EMPs include natural events like solar geomagnetic disturbances, or man-made disruptions like a thermonuclear detonation or a cyberattack.
One of the first human-caused EMP events occurred in 1962 when the 1.4 megaton Starfish Prime thermonuclear weapon detonated 400 km above the Pacific Ocean. The blast resulted in an EMP that caused unexpected electrical damage nearly 900 miles away in Hawaii.
In 1989, a geomagnetic storm triggered an event on the Hydro-Québec power system that left six million customers without power. The storm was the result of the sun ejecting a plume of superheated plasma that interacted with the Earth's magnetic field.

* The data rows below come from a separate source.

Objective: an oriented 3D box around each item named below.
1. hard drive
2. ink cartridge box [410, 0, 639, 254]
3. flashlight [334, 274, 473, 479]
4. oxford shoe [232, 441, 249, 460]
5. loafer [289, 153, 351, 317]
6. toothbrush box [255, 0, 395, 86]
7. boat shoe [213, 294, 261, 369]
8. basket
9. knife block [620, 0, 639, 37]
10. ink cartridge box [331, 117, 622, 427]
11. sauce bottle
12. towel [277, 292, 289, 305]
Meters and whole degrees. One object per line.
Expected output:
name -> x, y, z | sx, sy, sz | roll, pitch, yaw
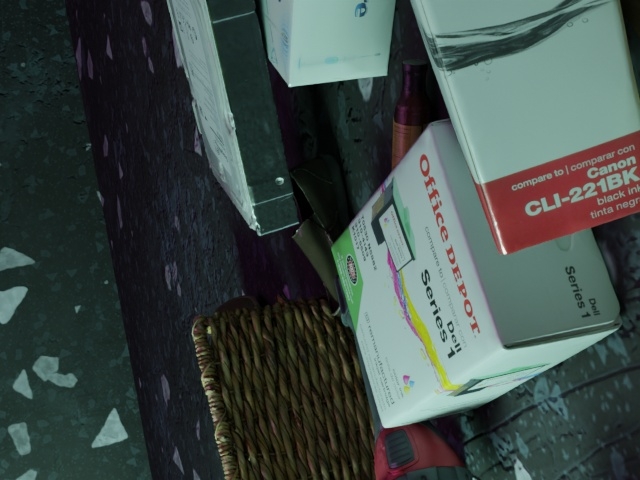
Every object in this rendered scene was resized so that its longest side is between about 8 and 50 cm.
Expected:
hard drive -> -0.118, -0.201, 1.247 | 0.237, 0.064, 0.339 | -128, 23, -57
ink cartridge box -> 0.117, -0.163, 0.663 | 0.197, 0.114, 0.273 | -95, -16, -55
flashlight -> 0.086, 0.163, 1.085 | 0.103, 0.103, 0.304 | 116, 150, -47
oxford shoe -> -0.059, 0.314, 1.608 | 0.096, 0.083, 0.227 | 52, 150, 5
loafer -> 0.000, 0.000, 1.293 | 0.080, 0.078, 0.220 | 133, 126, -65
toothbrush box -> -0.025, -0.340, 1.157 | 0.295, 0.126, 0.216 | -123, 30, -46
boat shoe -> -0.102, 0.196, 1.600 | 0.302, 0.113, 0.103 | -105, -5, -65
basket -> -0.055, 0.244, 1.336 | 0.213, 0.223, 0.299 | 125, 132, -61
knife block -> 0.231, -0.157, 0.609 | 0.242, 0.088, 0.276 | -154, 57, -66
ink cartridge box -> 0.124, 0.035, 0.924 | 0.278, 0.117, 0.201 | 127, 131, -62
sauce bottle -> 0.096, -0.121, 1.049 | 0.042, 0.042, 0.128 | -138, 46, -59
towel -> -0.055, 0.127, 1.589 | 0.060, 0.009, 0.083 | -139, 45, -59
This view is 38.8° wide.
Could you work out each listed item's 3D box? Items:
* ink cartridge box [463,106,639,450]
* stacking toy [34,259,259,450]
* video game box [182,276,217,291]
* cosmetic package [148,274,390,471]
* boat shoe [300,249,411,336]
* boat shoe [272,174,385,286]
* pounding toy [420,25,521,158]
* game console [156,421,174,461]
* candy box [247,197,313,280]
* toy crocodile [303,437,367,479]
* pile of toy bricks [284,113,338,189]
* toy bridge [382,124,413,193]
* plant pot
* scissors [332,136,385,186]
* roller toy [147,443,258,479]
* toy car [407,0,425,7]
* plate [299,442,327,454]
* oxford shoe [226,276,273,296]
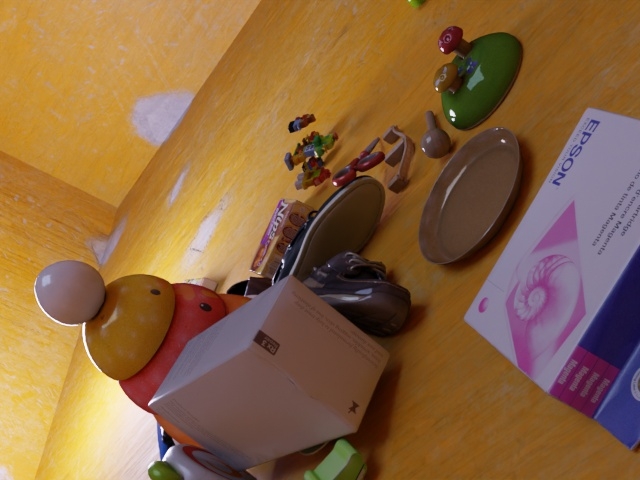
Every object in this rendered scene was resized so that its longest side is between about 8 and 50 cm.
[{"bbox_3d":[0.328,0.020,1.039,0.324,0.071,0.330,-60,20,6],"label":"ink cartridge box"},{"bbox_3d":[-0.324,0.180,1.721,0.350,0.480,0.351,-31,42,32],"label":"stacking toy"},{"bbox_3d":[-0.364,0.202,2.461,0.187,0.048,0.205,-8,58,62],"label":"video game box"},{"bbox_3d":[-0.094,0.228,1.469,0.385,0.217,0.156,-33,22,49],"label":"cosmetic package"},{"bbox_3d":[0.044,0.079,1.539,0.355,0.132,0.130,-9,57,63],"label":"boat shoe"},{"bbox_3d":[0.003,0.001,1.735,0.340,0.127,0.113,-63,31,25],"label":"boat shoe"},{"bbox_3d":[0.228,-0.276,1.567,0.237,0.110,0.183,-50,24,30],"label":"pounding toy"},{"bbox_3d":[-0.282,0.401,2.060,0.293,0.173,0.250,-125,33,-67],"label":"game console"},{"bbox_3d":[-0.092,-0.003,2.063,0.187,0.053,0.109,-66,21,-4],"label":"candy box"},{"bbox_3d":[-0.037,0.445,1.325,0.341,0.105,0.115,-61,21,4],"label":"toy crocodile"},{"bbox_3d":[-0.008,-0.217,2.084,0.105,0.118,0.212,-15,32,20],"label":"pile of toy bricks"},{"bbox_3d":[0.150,-0.169,1.735,0.063,0.026,0.188,-47,26,31],"label":"toy bridge"},{"bbox_3d":[0.236,-0.064,1.403,0.236,0.032,0.236,-48,26,32],"label":"plant pot"},{"bbox_3d":[0.072,-0.158,1.753,0.109,0.021,0.297,-31,12,9],"label":"scissors"},{"bbox_3d":[-0.204,0.459,1.580,0.146,0.209,0.191,-64,-9,-3],"label":"roller toy"},{"bbox_3d":[0.218,-0.642,1.998,0.188,0.155,0.149,-42,27,17],"label":"toy car"},{"bbox_3d":[0.013,0.274,1.527,0.188,0.024,0.188,-49,24,31],"label":"plate"},{"bbox_3d":[-0.179,0.138,2.030,0.271,0.098,0.097,-37,33,49],"label":"oxford shoe"}]
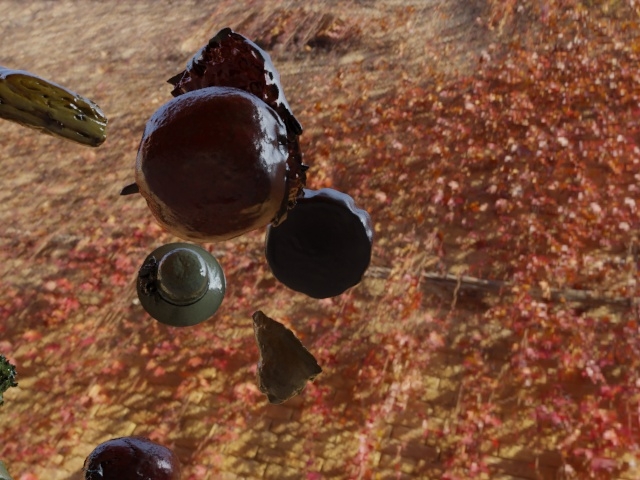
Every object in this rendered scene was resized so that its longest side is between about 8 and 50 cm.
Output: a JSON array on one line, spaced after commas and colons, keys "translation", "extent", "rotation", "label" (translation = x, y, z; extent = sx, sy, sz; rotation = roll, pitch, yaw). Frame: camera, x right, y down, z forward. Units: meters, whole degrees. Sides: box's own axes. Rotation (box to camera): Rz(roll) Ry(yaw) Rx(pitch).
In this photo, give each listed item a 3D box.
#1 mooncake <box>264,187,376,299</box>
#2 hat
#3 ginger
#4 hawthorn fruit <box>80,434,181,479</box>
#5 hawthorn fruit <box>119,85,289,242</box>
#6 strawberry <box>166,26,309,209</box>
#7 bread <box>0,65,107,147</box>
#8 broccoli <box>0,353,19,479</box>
[{"translation": [0.000, 0.000, 1.880], "extent": [0.283, 0.141, 0.283], "rotation": [2, -66, 4], "label": "mooncake"}, {"translation": [-0.378, 0.096, 2.064], "extent": [0.257, 0.257, 0.130], "rotation": [27, -30, -1], "label": "hat"}, {"translation": [-0.103, 0.246, 1.565], "extent": [0.193, 0.123, 0.115], "rotation": [46, -17, 16], "label": "ginger"}, {"translation": [-0.373, 0.445, 1.421], "extent": [0.181, 0.181, 0.235], "rotation": [-8, -33, 27], "label": "hawthorn fruit"}, {"translation": [-0.163, -0.104, 1.055], "extent": [0.250, 0.215, 0.215], "rotation": [-16, -57, 9], "label": "hawthorn fruit"}, {"translation": [-0.136, -0.177, 1.232], "extent": [0.233, 0.138, 0.306], "rotation": [-24, -83, 53], "label": "strawberry"}, {"translation": [-0.536, -0.261, 1.433], "extent": [0.235, 0.099, 0.210], "rotation": [16, 6, -40], "label": "bread"}, {"translation": [-0.662, 0.361, 1.423], "extent": [0.361, 0.252, 0.221], "rotation": [34, -81, 19], "label": "broccoli"}]
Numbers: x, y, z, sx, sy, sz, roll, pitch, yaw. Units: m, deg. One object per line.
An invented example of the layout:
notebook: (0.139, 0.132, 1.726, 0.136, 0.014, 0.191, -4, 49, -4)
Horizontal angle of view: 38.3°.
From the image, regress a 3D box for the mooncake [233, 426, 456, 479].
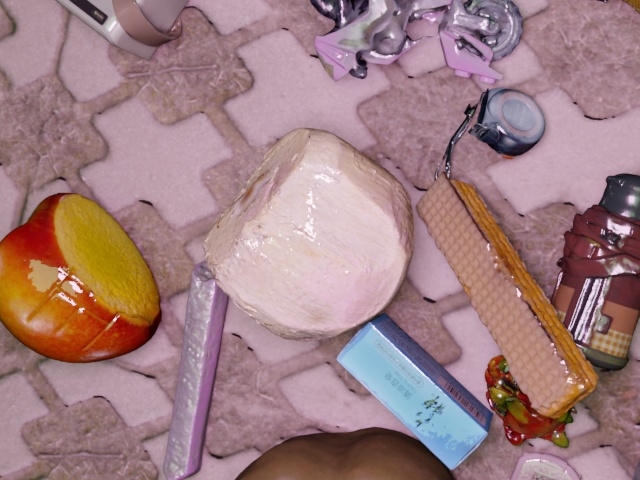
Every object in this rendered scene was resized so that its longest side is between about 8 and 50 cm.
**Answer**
mooncake: (0.034, 0.511, 1.341, 0.467, 0.262, 0.467, 0, 91, 11)

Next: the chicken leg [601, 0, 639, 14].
chicken leg: (0.468, -0.368, 1.314, 0.227, 0.088, 0.103, 21, 106, 18)

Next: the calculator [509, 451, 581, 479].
calculator: (0.321, 0.403, 1.384, 0.100, 0.032, 0.175, 21, 96, 12)

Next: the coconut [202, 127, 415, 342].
coconut: (0.000, 0.000, 1.329, 0.254, 0.297, 0.297, 40, 101, -19)

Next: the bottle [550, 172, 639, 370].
bottle: (0.415, 0.041, 1.300, 0.156, 0.143, 0.271, 17, 94, -13)

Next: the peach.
peach: (-0.384, 0.078, 1.457, 0.274, 0.248, 0.245, 44, 135, -4)

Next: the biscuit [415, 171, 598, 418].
biscuit: (0.256, 0.071, 1.307, 0.094, 0.054, 0.379, -53, 53, 37)

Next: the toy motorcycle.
toy motorcycle: (0.128, -0.306, 1.371, 0.327, 0.143, 0.188, 15, 104, -2)

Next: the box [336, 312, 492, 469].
box: (0.143, 0.217, 1.366, 0.232, 0.142, 0.083, 42, 100, 9)

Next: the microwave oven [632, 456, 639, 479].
microwave oven: (0.619, 0.329, 1.216, 0.355, 0.218, 0.286, 17, 94, 13)

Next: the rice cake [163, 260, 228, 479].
rice cake: (-0.199, 0.214, 1.489, 0.056, 0.072, 0.365, 10, 91, 15)

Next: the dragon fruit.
dragon fruit: (0.294, 0.230, 1.357, 0.142, 0.175, 0.138, 26, 87, 42)

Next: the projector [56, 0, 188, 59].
projector: (-0.315, -0.415, 1.457, 0.242, 0.163, 0.177, 39, 100, 14)

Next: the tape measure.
tape measure: (0.252, -0.142, 1.390, 0.107, 0.104, 0.180, 25, 132, -10)
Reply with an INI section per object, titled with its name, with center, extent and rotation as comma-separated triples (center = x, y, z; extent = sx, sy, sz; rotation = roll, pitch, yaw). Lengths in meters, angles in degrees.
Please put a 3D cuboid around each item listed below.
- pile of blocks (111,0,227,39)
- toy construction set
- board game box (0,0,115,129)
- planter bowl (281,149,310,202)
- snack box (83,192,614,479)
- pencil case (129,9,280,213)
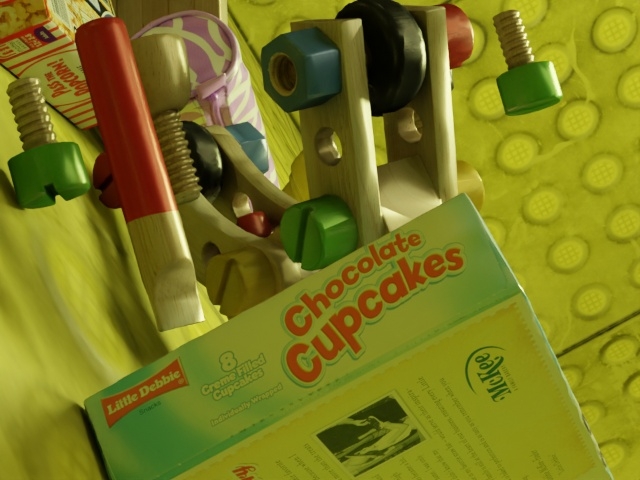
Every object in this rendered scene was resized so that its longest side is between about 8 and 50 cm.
[pile of blocks]
center = -0.165, -0.289, 1.142
extent = 0.362, 0.149, 0.112
rotation = 62, 5, 16
[toy construction set]
center = -0.015, 0.016, 0.725
extent = 0.309, 0.257, 0.237
rotation = -4, 76, -63
[board game box]
center = -0.175, -0.181, 0.832
extent = 0.147, 0.045, 0.193
rotation = 49, 22, -70
[planter bowl]
center = 0.000, 0.000, 1.567
extent = 0.217, 0.090, 0.217
rotation = 61, 5, -9
[snack box]
center = 0.040, 0.115, 0.691
extent = 0.060, 0.187, 0.322
rotation = 64, 5, 33
[pencil case]
center = -0.076, -0.064, 0.962
extent = 0.088, 0.086, 0.206
rotation = 58, -8, 37
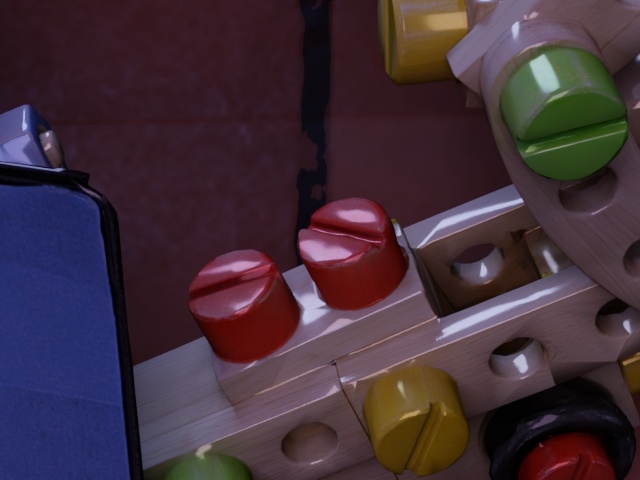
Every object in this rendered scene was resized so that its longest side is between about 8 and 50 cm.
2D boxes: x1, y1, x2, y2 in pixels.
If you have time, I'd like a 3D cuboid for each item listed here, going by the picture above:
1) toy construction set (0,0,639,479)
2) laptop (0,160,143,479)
[{"bbox_3d":[0.000,0.000,0.519,0.328,0.215,0.151,-13,43,16],"label":"toy construction set"},{"bbox_3d":[-0.256,0.192,0.489,0.382,0.236,0.407,7,64,17],"label":"laptop"}]

In May, Dr. Massoud Amin, IEEE and ASME Fellow and professor of electrical and computer engineering at the University of Minnesota, wrote in the IEEE Smart Grid newsletter that 30 years ago the U.S. Office of Technology Assessment warned that terrorists could “destroy critical [power system] components, incapacitating large segments of a transmission network for months."
Amin said that in the intervening years, the situation has become even more complex. Biological warfare, pandemics, electromagnetic and geomagnetic pulse incident, increasing stress due to climate change, and increasing complexity and connectivity of cyber, communications, and control layers add “new families of security threats and dynamic risks.”
Amin wrote that as a practical matter, electrical systems must be structured to withstand temporary loss of physical components, just as they must operate through spontaneous local outages. Achieving that resiliency, he said, “depends on defending against attacks and systemic risks/threats, be they natural/environmental, pandemics, terroristic, military, or criminal.”
The Homeland Security report said that China’s classification of a high-altitude electromagnetic pulse (HEMP) attack in military doctrine as “electronic warfare” or “information warfare” indicates that HEMP "is not even considered a form of nuclear attack, but would be equivalent to non-nuclear weapons and cyber warfare."